Follow This One Tip for a Healthy Sustainable Diet

Photo credit: Getty Images
Photo credit: Getty Images

From Women's Health

Each week, we’ll be bringing you the best advice from the WH team’s brand-new podcast, Going for Goal.

Focused on helping you smash your 2020 health, fitness and wellness goals, leading leading experts share their winning advice every week.

This week, host Roisín Dervish-O'Kane asked how we can all build a sustainable diet. Head here to listen and download on your device.

Whether you’ve gone full-on Veganuary after watching the Netflix's Game Changers documentary or are just flirting with being flexitarian in pursuit of having a more sustainable diet, more of us than ever before are looking to be more ethical when it comes to what we put on our plates in 2020.

This week’s episode of Going for Goal heard from Dr Rosemary Green, Assistant Professor in Nutrition and Sustainability at the London School of Hygiene and Tropical Medicine.

She's one of the foremost experts in how have a sustainable diet - and offered some sage, and surprising, tips on eat ethically while keeping your nutrition in check.

Is there a sustainable diet that isn't vegan?

By this point, we’re all aware that cutting down our meat and dairy consumption is key to protecting our planet. But besides ditching animal products entirely and going vegan what can we do to our diets that can really make a change?

Enter, the ‘low food chain’ diet. What’s that, you ask? Well, turns out that the name does what it says on the tin.

‘It’s a diet where you eat as far down the food chain as you can, basically,’ Dr Green explained. So, yes, plants are very much welcome - but you've got a little more freedom with this sustainable diet compared to going vegan.

What animal products can you eat on the low food chain sustainable diet?

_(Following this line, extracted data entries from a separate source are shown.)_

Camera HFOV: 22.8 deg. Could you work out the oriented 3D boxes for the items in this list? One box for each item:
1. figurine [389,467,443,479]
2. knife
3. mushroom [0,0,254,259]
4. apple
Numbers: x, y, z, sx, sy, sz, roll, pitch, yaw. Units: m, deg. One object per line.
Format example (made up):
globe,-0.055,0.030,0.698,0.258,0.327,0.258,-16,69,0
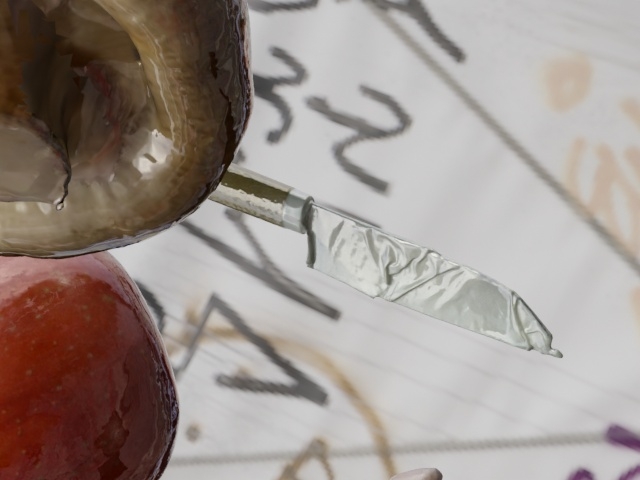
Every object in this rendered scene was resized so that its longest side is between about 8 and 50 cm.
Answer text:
figurine,0.068,0.235,1.092,0.125,0.125,0.138,61,-155,-46
knife,0.001,-0.001,0.855,0.017,0.298,0.047,-27,-48,-52
mushroom,-0.164,-0.099,0.771,0.278,0.278,0.146,64,-156,-44
apple,-0.242,0.116,1.263,0.216,0.260,0.260,-21,-55,-23
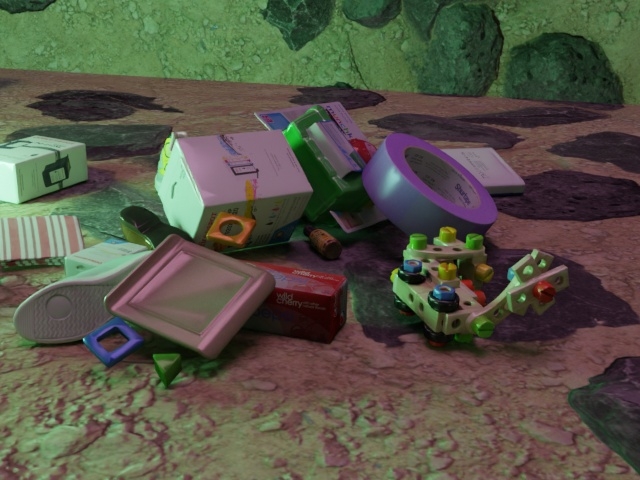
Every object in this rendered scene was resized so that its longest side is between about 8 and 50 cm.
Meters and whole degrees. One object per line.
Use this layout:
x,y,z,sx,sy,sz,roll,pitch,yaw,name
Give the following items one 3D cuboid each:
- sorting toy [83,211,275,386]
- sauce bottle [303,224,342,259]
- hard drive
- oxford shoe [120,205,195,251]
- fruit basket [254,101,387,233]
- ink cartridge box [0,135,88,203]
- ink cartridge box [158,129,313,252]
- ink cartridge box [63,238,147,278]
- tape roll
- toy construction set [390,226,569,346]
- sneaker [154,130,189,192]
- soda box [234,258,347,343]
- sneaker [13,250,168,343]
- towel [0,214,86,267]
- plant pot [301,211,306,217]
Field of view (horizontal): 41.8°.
-0.191,0.085,1.254,0.196,0.047,0.348,23,47,20,sorting toy
0.000,0.000,1.667,0.042,0.042,0.128,-7,20,-24,sauce bottle
0.325,-0.171,2.119,0.318,0.040,0.210,-4,33,-15,hard drive
-0.294,0.016,1.564,0.076,0.076,0.212,-26,49,-38,oxford shoe
0.054,-0.179,1.839,0.353,0.165,0.327,-22,73,-51,fruit basket
-0.701,-0.175,2.006,0.171,0.100,0.237,12,22,24,ink cartridge box
-0.170,-0.092,1.633,0.232,0.171,0.168,-10,59,-30,ink cartridge box
-0.381,0.043,1.494,0.088,0.052,0.122,12,21,28,ink cartridge box
0.220,-0.096,1.691,0.274,0.090,0.275,28,29,-17,tape roll
0.239,0.073,1.349,0.215,0.151,0.327,-6,10,-21,toy construction set
-0.268,-0.144,1.891,0.145,0.147,0.384,-12,25,-38,sneaker
-0.093,0.090,1.342,0.263,0.084,0.092,7,20,17,soda box
-0.363,0.092,1.335,0.255,0.094,0.151,-23,6,-24,sneaker
-0.549,0.003,1.584,0.197,0.029,0.144,-3,36,-21,towel
-0.053,-0.096,1.880,0.083,0.082,0.081,0,18,-29,plant pot

‘It's not exclusively plant-based as it also allows low food chain animals, which are things like bi-valve molluscs such as cockles and mussels,' she added. So you can order Moules frites for your tastebuds and the planet. Boom.

'Insects are also very low down the food chain,' she offered - explaining that, if you're not quite down for chomping on crickets whole, you can get their sustainable protein content via flour - or even blended into protein bars.

‘You can get protein from these animal type foods and its not a completely vegan diet, but the emissions are really low because those animals are converting energy much more efficiently than an animal that’s much higher up the food chain, like a cow or a sheep.’

Worried your sustainable diet isn't sustainable enough?

Still feeling anxious about whether or not you are eating a truly sustainable diet? Dr Green's advice is to not beat yourself up. ‘You’d be paralysed if you tried to make every decision a perfect one,’ she reassured host, Roisín.

‘All we can do is try and minimise the damage that we do and try to maximise any positive opportunities for change that there might be,' she adds.

The final word? shop discerningly; eat your leftovers; try your best not to overthink it. Bon appétit.